There’s a certain amount you can control and a certain amount you can’t control.

You can control being provocative. Telling a Mason that the Masons are bad in any way isn’t likely to lead to a happy conversation. (And that would be true of any organization someone belongs to.)

At the same time, you have to know where to draw boundaries. For example, I’ve made it clear when visiting people that I attend Mass on Sundays. They don’t have to come with me, but the schedule will have to accommodate some church time if I’m going to be there. Beyond that, I don’t see much need to bring up religion with them. I’m happy to answer questions and I let them know when they are being offensive and it’s time to change the subject. But it’s not like that’s the only thing we can talk about.
 
My situation is a little different, in that I have a lot of Catholics in my family but I am agnostic. I think the solution is the same, though.

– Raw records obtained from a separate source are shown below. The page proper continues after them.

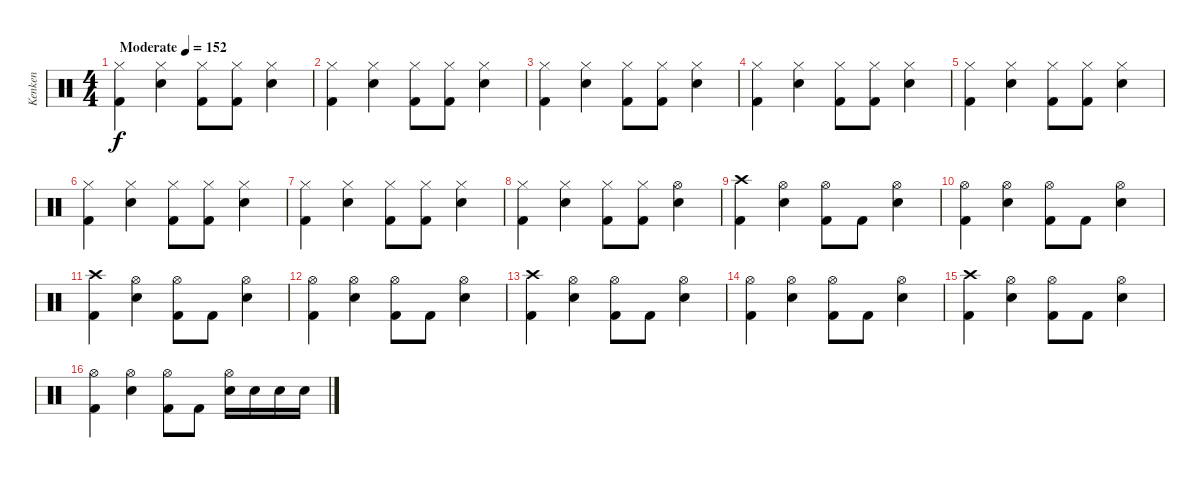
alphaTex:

\track ("Kenken" "Kenken") {instrument percussion}
\staff {score}
\articulation defaults
\ts (4 4)
\tempo (152 "Moderate")
\clef neutral
\ks c
("Hi-Hat (closed)" "Kick (hit) 2").4{dy f} ("Hi-Hat (closed)" "Electric Snare (hit)").4 ("Hi-Hat (closed)" "Kick (hit) 2").8 ("Hi-Hat (closed)" "Kick (hit) 2").8 ("Hi-Hat (closed)" "Electric Snare (hit)").4 |
("Hi-Hat (closed)" "Kick (hit) 2").4 ("Hi-Hat (closed)" "Electric Snare (hit)").4 ("Hi-Hat (closed)" "Kick (hit) 2").8 ("Hi-Hat (closed)" "Kick (hit) 2").8 ("Hi-Hat (closed)" "Electric Snare (hit)").4 |
("Hi-Hat (closed)" "Kick (hit) 2").4 ("Hi-Hat (closed)" "Electric Snare (hit)").4 ("Hi-Hat (closed)" "Kick (hit) 2").8 ("Hi-Hat (closed)" "Kick (hit) 2").8 ("Hi-Hat (closed)" "Electric Snare (hit)").4 |
("Hi-Hat (closed)" "Kick (hit) 2").4 ("Hi-Hat (closed)" "Electric Snare (hit)").4 ("Hi-Hat (closed)" "Kick (hit) 2").8 ("Hi-Hat (closed)" "Kick (hit) 2").8 ("Hi-Hat (closed)" "Electric Snare (hit)").4 |
("Hi-Hat (closed)" "Kick (hit) 2").4 ("Hi-Hat (closed)" "Electric Snare (hit)").4 ("Hi-Hat (closed)" "Kick (hit) 2").8 ("Hi-Hat (closed)" "Kick (hit) 2").8 ("Hi-Hat (closed)" "Electric Snare (hit)").4 |
("Hi-Hat (closed)" "Kick (hit) 2").4 ("Hi-Hat (closed)" "Electric Snare (hit)").4 ("Hi-Hat (closed)" "Kick (hit) 2").8 ("Hi-Hat (closed)" "Kick (hit) 2").8 ("Hi-Hat (closed)" "Electric Snare (hit)").4 |
("Hi-Hat (closed)" "Kick (hit) 2").4 ("Hi-Hat (closed)" "Electric Snare (hit)").4 ("Hi-Hat (closed)" "Kick (hit) 2").8 ("Hi-Hat (closed)" "Kick (hit) 2").8 ("Hi-Hat (closed)" "Electric Snare (hit)").4 |
("Hi-Hat (closed)" "Kick (hit) 2").4 ("Hi-Hat (closed)" "Electric Snare (hit)").4 ("Hi-Hat (closed)" "Kick (hit) 2").8 ("Hi-Hat (closed)" "Kick (hit) 2").8 ("Hi-Hat (open)" "Electric Snare (hit)").4 |
("Crash high (hit)" "Kick (hit) 2").4 ("Hi-Hat (open)" "Electric Snare (hit)").4 ("Hi-Hat (open)" "Kick (hit) 2").8 "Kick (hit) 2".8 ("Hi-Hat (open)" "Electric Snare (hit)").4 |
("Hi-Hat (open)" "Kick (hit) 2").4 ("Hi-Hat (open)" "Electric Snare (hit)").4 ("Hi-Hat (open)" "Kick (hit) 2").8 "Kick (hit) 2".8 ("Hi-Hat (open)" "Electric Snare (hit)").4 |
("Crash high (hit)" "Kick (hit) 2").4 ("Hi-Hat (open)" "Electric Snare (hit)").4 ("Hi-Hat (open)" "Kick (hit) 2").8 "Kick (hit) 2".8 ("Hi-Hat (open)" "Electric Snare (hit)").4 |
("Hi-Hat (open)" "Kick (hit) 2").4 ("Hi-Hat (open)" "Electric Snare (hit)").4 ("Hi-Hat (open)" "Kick (hit) 2").8 "Kick (hit) 2".8 ("Hi-Hat (open)" "Electric Snare (hit)").4 |
("Crash high (hit)" "Kick (hit) 2").4 ("Hi-Hat (open)" "Electric Snare (hit)").4 ("Hi-Hat (open)" "Kick (hit) 2").8 "Kick (hit) 2".8 ("Hi-Hat (open)" "Electric Snare (hit)").4 |
("Hi-Hat (open)" "Kick (hit) 2").4 ("Hi-Hat (open)" "Electric Snare (hit)").4 ("Hi-Hat (open)" "Kick (hit) 2").8 "Kick (hit) 2".8 ("Hi-Hat (open)" "Electric Snare (hit)").4 |
("Crash high (hit)" "Kick (hit) 2").4 ("Hi-Hat (open)" "Electric Snare (hit)").4 ("Hi-Hat (open)" "Kick (hit) 2").8 "Kick (hit) 2".8 ("Hi-Hat (open)" "Electric Snare (hit)").4 |
("Hi-Hat (open)" "Kick (hit) 2").4 ("Hi-Hat (open)" "Electric Snare (hit)").4 ("Hi-Hat (open)" "Kick (hit) 2").8 "Kick (hit) 2".8 ("Hi-Hat (open)" "Electric Snare (hit)").16 "Electric Snare (hit)".16 "Electric Snare (hit)".16 "Electric Snare (hit)".16

Love your family members, each and every one of them, but don’t bring up hot button topics that you know are going to cause discontent before you even do it. It sounds like religion would be one of those issues from what you describe.

Be a leader on this front, and the others may follow your lead. It is fine to set up boundaries.

In all truthfulness, the remark you made about the Free Masons sounded antagonistic to me, as a reader. I can only imagine how it made your dad feel, if it is something he believes in. Not nice for anyone involved in the discussion!